*** Given records Section Begins ***

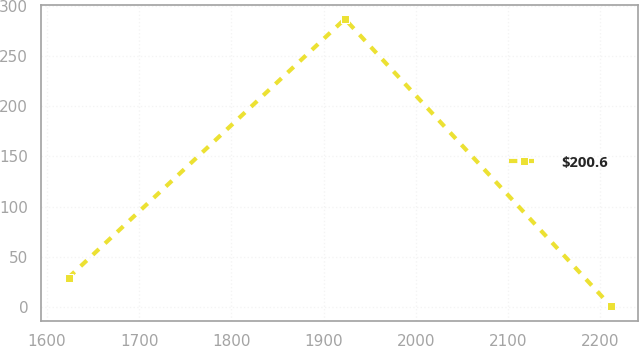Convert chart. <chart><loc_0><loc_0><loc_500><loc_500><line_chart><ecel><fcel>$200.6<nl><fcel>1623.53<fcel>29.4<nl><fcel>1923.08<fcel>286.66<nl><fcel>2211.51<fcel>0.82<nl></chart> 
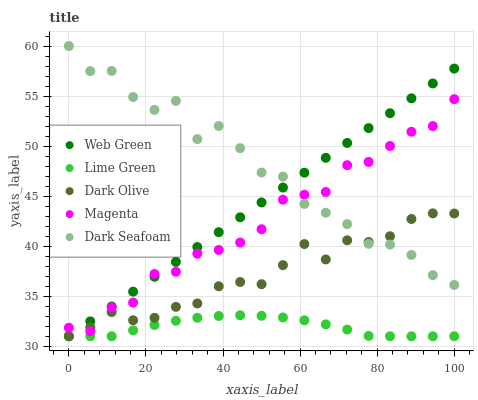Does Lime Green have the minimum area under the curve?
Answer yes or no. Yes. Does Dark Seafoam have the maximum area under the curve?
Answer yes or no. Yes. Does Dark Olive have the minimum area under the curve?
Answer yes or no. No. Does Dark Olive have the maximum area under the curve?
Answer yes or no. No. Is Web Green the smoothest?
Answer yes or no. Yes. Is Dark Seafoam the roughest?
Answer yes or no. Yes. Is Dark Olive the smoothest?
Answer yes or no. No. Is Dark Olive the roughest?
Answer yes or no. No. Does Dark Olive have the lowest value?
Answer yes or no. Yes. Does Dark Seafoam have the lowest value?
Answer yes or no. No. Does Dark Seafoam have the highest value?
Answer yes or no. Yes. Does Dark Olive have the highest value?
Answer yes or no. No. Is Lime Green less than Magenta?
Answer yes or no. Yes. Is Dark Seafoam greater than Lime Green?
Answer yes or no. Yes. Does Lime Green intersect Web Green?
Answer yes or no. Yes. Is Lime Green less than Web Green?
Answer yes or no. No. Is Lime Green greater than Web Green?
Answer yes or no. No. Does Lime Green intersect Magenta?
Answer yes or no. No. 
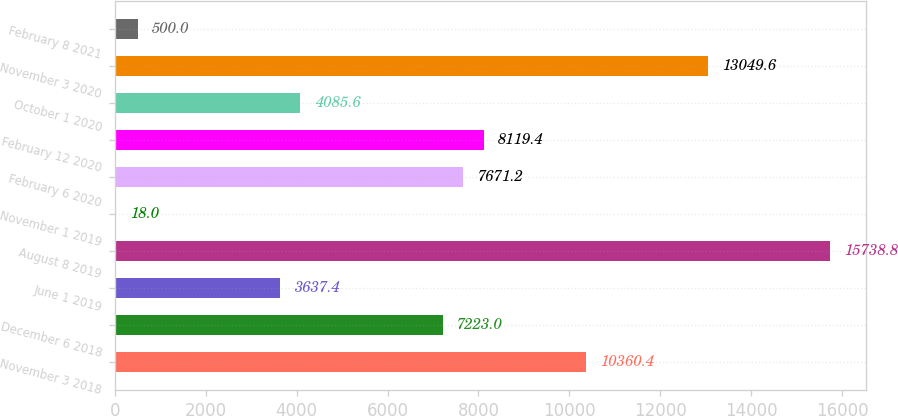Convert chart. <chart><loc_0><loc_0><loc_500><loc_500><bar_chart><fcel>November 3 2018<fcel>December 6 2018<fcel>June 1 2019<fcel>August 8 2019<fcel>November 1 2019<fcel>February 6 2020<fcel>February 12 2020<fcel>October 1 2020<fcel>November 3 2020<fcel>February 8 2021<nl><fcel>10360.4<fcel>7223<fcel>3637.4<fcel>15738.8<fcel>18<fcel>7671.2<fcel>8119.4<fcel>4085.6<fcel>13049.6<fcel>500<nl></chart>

*** Given records Section Ends ***

(Requirement)
Provide the lines again, unchanged, from where the data above begins through the line containing "Answer yes or no. Yes. Does Dark Seafoam have the maximum", both ends included, omitting pictures and adding nothing.

(Exercise solution)
Convert chart. <chart><loc_0><loc_0><loc_500><loc_500><line_chart><ecel><fcel>$200.6<nl><fcel>1623.53<fcel>29.4<nl><fcel>1923.08<fcel>286.66<nl><fcel>2211.51<fcel>0.82<nl></chart> 
Does Lime Green have the minimum area under the curve?
Answer yes or no. Yes. Does Dark Seafoam have the maximum area under the curve?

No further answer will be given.